» EXERCISE DESCRIPTION:
Please copy each line of the listing below precisely, excluding the images.
····················
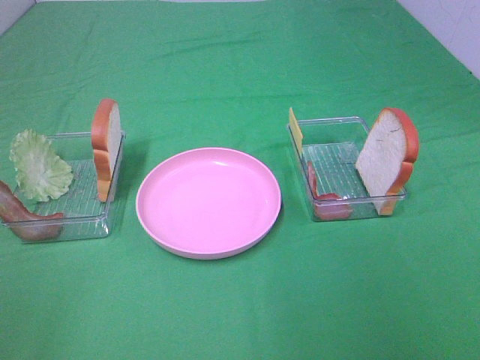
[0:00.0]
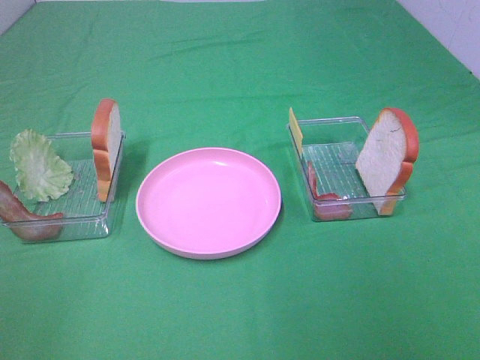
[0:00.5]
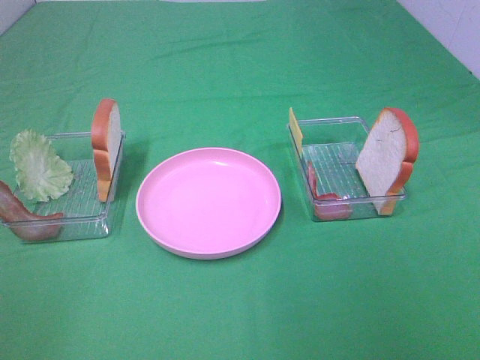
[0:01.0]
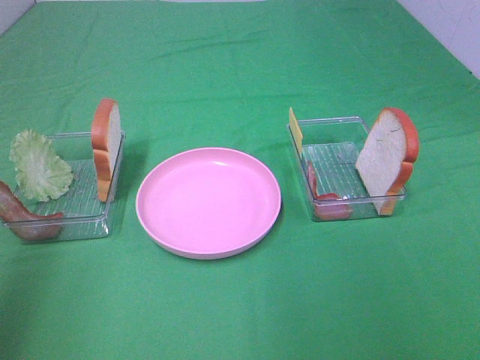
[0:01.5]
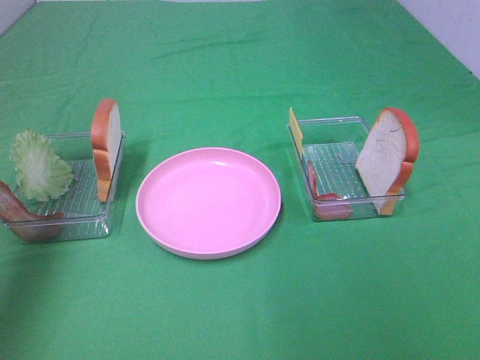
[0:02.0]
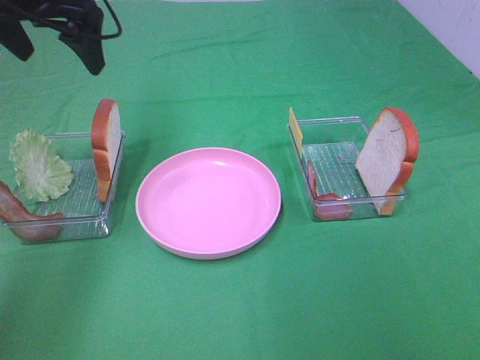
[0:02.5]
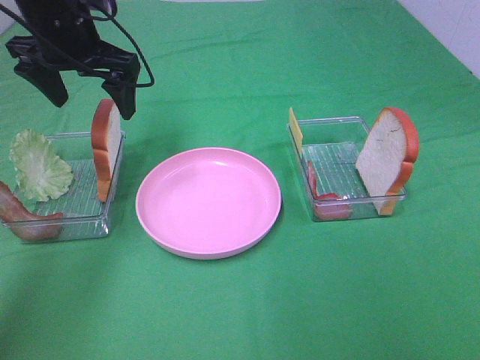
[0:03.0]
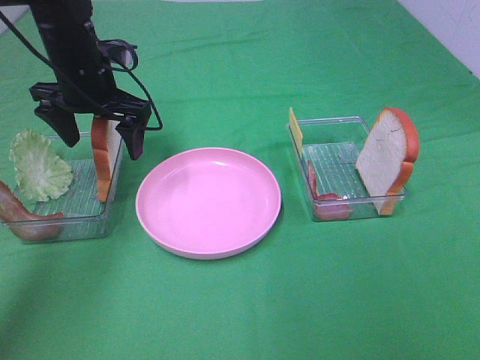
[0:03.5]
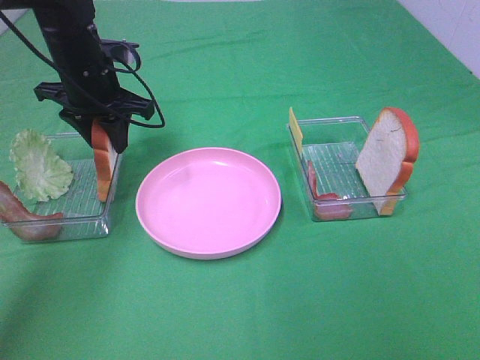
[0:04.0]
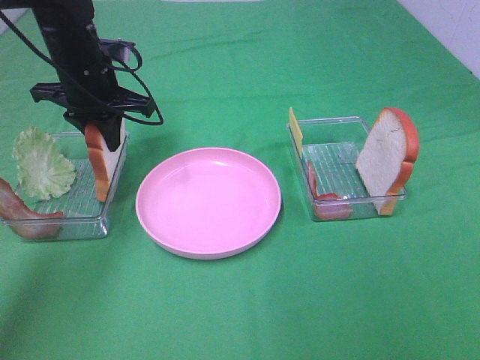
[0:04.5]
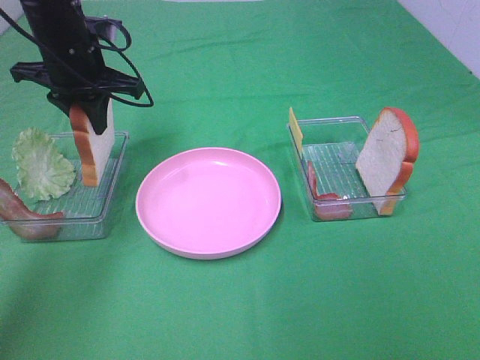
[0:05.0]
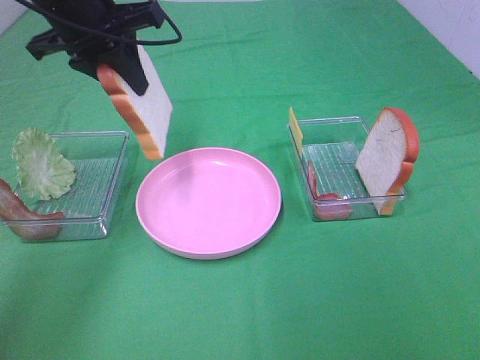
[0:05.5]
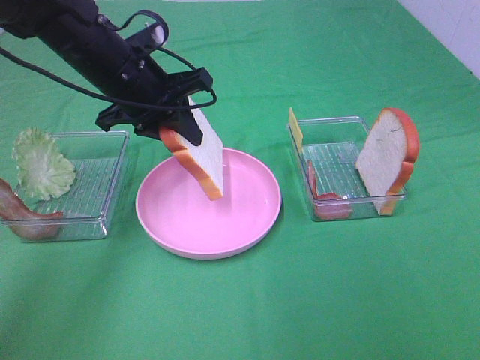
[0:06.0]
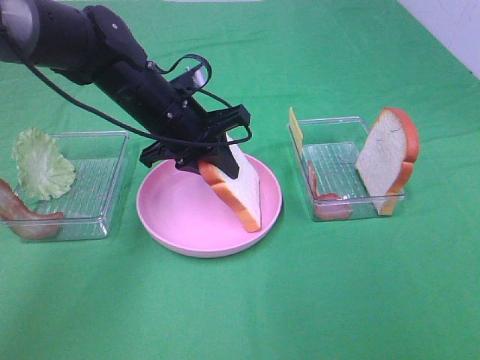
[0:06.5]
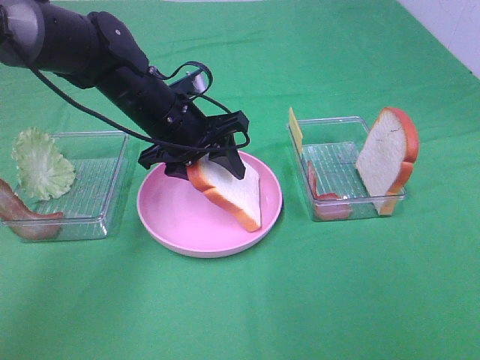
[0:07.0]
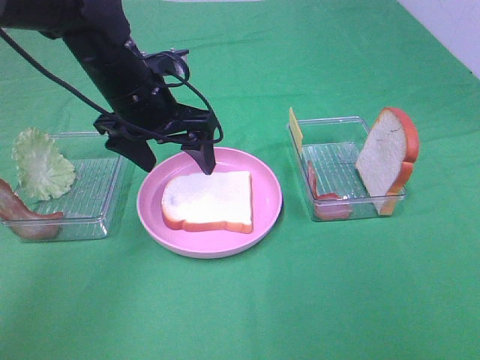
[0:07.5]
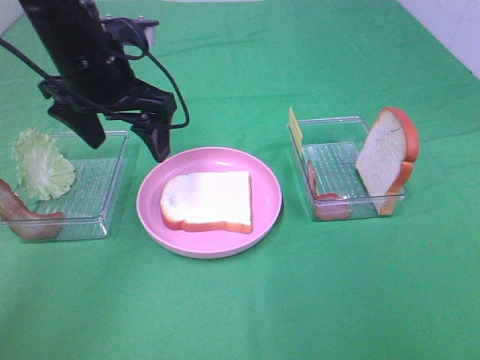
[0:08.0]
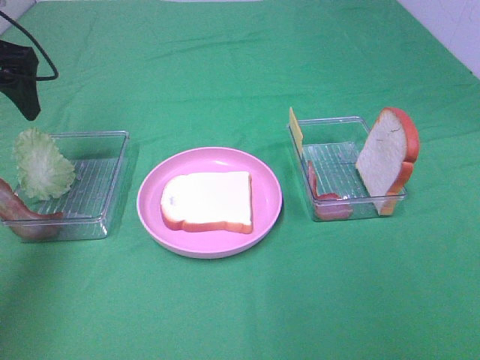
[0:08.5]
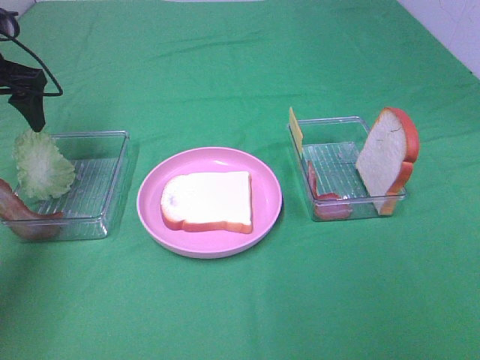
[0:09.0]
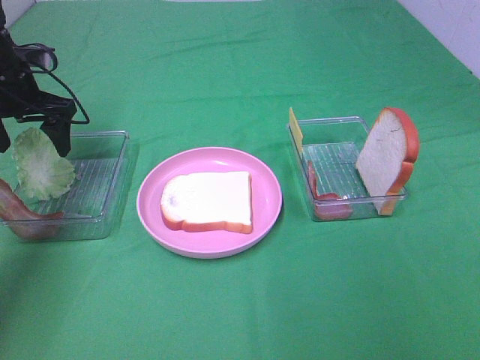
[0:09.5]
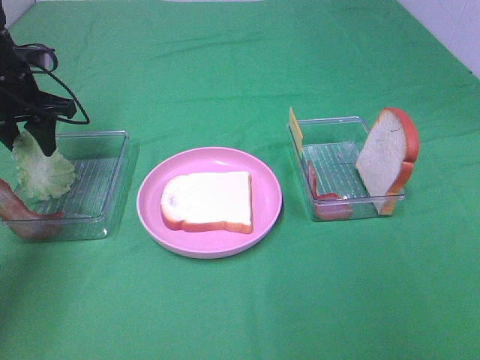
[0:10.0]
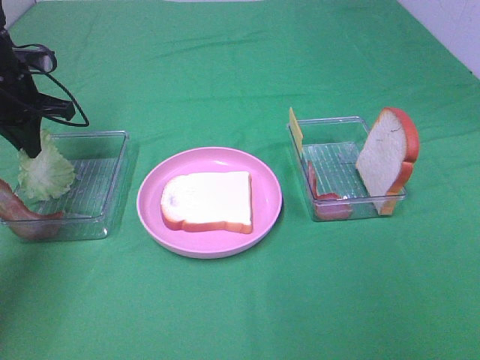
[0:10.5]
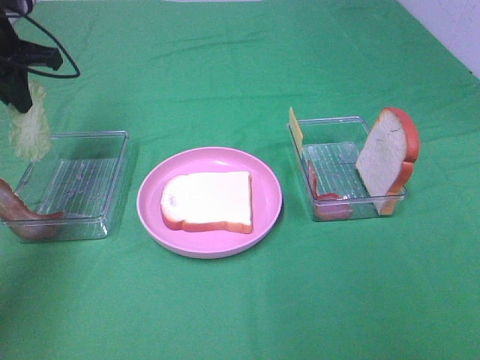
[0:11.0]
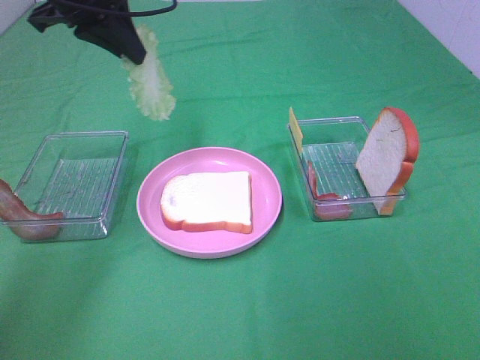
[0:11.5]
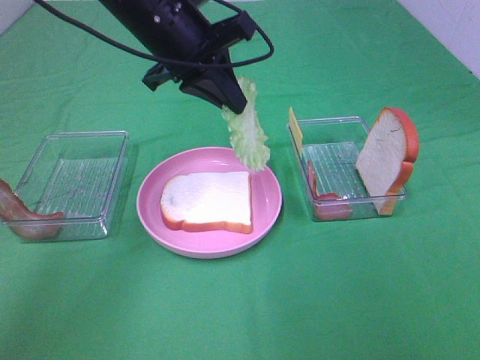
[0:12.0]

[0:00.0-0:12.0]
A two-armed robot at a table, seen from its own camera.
····················
» REPLY TO THE TASK:
[0:00.0]
[0:00.5]
[0:01.0]
[0:01.5]
[0:02.0]
[0:02.5]
[0:03.0]
[0:03.5]
[0:04.0]
[0:04.5]
[0:05.0]
[0:05.5]
[0:06.0]
[0:06.5]
[0:07.0]
[0:07.5]
[0:08.0]
[0:08.5]
[0:09.0]
[0:09.5]
[0:10.0]
[0:10.5]
[0:11.0]
[0:11.5]
[0:12.0]

[0:00.0-0:12.0]
A two-armed robot at a table, seen from its own camera.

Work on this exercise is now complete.